**Exercise requirements**
Using the records below, copy out exactly the line that contains "dimstyle='CNS', override=override, dxfattribs=at)" and every line that follows it, up to and including the last, and no others.

※ ※ ※

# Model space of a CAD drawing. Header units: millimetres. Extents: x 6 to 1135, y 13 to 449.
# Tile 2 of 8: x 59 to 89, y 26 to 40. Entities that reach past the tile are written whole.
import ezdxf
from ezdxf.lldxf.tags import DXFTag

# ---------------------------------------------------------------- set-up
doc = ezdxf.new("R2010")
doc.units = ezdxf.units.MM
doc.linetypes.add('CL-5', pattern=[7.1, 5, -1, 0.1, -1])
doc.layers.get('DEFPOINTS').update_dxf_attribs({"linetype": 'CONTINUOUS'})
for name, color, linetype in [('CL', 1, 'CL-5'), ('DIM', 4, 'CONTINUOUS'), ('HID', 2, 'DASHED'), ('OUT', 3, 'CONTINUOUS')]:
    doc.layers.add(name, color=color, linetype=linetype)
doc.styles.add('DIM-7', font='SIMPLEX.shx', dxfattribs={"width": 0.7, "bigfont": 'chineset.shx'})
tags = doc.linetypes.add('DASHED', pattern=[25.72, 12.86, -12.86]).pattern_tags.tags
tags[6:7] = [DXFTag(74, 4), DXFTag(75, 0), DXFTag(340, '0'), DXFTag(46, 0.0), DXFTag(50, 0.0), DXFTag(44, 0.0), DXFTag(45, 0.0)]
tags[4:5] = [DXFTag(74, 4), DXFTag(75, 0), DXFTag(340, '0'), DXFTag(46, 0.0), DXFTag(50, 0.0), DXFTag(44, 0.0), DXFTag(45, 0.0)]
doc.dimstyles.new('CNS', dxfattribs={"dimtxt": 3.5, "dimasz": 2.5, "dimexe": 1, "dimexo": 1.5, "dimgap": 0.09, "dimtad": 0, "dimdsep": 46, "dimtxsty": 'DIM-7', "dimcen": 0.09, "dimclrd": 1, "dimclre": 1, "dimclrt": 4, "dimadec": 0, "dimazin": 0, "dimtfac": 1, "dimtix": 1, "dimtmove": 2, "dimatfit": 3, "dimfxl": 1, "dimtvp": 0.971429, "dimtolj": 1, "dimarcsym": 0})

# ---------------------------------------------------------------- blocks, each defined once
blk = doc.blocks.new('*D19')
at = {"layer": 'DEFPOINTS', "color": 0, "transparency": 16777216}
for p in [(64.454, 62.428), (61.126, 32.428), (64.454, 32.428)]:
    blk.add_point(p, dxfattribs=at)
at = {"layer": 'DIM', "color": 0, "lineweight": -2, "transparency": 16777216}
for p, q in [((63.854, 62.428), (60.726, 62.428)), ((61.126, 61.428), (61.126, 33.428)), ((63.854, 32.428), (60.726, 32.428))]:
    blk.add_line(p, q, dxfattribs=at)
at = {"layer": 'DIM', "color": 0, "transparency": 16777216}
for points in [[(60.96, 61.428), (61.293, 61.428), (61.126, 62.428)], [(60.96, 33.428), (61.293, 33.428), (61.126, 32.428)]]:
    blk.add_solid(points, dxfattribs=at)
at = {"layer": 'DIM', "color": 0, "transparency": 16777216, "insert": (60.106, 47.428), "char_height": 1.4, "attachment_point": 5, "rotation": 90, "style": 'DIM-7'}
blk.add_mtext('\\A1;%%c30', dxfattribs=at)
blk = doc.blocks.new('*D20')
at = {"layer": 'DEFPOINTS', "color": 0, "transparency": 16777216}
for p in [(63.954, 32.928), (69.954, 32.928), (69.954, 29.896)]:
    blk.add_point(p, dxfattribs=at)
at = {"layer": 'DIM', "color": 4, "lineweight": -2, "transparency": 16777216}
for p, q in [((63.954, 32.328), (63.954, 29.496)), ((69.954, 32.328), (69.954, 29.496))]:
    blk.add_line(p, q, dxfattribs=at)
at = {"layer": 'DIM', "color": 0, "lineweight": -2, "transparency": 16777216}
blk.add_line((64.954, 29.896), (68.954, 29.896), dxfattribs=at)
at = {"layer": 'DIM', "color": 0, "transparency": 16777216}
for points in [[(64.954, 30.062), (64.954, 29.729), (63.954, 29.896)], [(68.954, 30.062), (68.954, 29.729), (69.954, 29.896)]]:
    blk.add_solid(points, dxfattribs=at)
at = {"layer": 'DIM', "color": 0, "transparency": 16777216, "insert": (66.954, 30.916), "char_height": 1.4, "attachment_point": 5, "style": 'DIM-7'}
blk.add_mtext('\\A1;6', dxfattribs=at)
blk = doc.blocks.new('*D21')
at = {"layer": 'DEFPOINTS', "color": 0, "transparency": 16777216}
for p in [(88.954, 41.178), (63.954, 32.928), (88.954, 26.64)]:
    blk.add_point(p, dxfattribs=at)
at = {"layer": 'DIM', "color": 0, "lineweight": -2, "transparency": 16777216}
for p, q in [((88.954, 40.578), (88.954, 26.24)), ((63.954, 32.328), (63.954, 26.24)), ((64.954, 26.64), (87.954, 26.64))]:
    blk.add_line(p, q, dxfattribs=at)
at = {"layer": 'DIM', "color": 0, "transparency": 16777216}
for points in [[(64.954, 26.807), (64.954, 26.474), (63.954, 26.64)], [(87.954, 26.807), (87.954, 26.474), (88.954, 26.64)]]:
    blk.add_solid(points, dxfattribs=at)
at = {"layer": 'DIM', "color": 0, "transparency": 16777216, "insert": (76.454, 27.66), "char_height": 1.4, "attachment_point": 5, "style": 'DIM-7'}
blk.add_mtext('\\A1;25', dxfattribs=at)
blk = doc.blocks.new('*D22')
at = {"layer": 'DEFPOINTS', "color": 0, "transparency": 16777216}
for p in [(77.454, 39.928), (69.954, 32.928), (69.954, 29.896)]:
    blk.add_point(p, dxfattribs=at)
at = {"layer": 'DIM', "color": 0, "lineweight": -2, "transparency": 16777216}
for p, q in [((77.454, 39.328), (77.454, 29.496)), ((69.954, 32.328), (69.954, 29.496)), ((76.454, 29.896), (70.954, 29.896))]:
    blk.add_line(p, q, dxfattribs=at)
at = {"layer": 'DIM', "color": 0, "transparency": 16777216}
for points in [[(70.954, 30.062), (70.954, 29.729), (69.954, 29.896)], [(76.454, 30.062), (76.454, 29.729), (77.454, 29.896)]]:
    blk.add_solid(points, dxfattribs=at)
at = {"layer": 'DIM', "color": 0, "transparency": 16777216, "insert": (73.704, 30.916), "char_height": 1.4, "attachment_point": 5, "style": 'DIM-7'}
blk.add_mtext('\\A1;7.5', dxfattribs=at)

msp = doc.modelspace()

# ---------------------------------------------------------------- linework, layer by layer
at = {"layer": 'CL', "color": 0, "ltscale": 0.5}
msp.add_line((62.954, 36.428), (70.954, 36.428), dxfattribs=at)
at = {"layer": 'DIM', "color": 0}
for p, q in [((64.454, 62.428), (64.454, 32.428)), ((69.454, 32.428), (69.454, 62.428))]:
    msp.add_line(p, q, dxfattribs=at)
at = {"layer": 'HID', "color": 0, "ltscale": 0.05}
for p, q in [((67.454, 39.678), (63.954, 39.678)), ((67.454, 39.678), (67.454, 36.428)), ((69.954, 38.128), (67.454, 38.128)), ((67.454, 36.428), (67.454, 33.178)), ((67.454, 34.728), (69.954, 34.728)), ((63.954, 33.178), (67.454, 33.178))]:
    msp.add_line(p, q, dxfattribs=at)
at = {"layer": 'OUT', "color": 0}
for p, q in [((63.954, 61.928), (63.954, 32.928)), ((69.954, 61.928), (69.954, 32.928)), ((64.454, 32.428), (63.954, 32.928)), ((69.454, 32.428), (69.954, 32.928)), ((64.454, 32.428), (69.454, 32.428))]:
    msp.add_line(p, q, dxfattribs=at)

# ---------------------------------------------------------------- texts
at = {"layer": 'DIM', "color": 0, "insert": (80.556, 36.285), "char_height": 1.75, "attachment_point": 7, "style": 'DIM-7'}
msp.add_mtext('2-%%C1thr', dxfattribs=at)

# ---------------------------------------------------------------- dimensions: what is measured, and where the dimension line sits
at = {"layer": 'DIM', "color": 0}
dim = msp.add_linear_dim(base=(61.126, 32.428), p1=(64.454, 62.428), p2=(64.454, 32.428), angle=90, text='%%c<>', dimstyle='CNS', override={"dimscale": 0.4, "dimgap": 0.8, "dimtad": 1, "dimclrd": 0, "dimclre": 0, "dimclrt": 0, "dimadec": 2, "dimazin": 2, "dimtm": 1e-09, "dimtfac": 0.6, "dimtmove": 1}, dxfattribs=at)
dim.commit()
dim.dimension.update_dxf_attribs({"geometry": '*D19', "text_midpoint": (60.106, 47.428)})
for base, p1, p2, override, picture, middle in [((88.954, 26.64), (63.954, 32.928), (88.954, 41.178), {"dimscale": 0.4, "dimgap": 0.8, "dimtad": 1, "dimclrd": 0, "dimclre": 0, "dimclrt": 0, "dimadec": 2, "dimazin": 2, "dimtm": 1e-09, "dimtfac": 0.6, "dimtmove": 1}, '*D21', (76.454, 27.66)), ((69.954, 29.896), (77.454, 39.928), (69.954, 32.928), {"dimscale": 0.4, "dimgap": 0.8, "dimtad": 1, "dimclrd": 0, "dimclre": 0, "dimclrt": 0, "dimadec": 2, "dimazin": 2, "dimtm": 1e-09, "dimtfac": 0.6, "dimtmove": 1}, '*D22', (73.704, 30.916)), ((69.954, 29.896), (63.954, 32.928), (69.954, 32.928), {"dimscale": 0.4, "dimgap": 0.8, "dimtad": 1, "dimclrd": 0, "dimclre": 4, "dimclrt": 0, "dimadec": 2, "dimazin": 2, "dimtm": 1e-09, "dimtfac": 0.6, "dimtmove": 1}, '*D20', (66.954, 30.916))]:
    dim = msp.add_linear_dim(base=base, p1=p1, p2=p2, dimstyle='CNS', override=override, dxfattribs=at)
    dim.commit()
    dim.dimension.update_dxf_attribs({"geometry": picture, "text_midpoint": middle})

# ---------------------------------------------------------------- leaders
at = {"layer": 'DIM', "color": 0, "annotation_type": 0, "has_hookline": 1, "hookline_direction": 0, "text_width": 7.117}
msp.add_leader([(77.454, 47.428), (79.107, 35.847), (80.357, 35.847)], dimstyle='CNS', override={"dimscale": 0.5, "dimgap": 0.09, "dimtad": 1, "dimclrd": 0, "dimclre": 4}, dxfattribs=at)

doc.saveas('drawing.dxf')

※ ※ ※

**Problem solution**
    dim = msp.add_linear_dim(base=base, p1=p1, p2=p2, dimstyle='CNS', override=override, dxfattribs=at)
    dim.commit()
    dim.dimension.update_dxf_attribs({"geometry": picture, "text_midpoint": middle})

# ---------------------------------------------------------------- leaders
at = {"layer": 'DIM', "color": 0, "annotation_type": 0, "has_hookline": 1, "hookline_direction": 0, "text_width": 7.117}
msp.add_leader([(77.454, 47.428), (79.107, 35.847), (80.357, 35.847)], dimstyle='CNS', override={"dimscale": 0.5, "dimgap": 0.09, "dimtad": 1, "dimclrd": 0, "dimclre": 4}, dxfattribs=at)

doc.saveas('drawing.dxf')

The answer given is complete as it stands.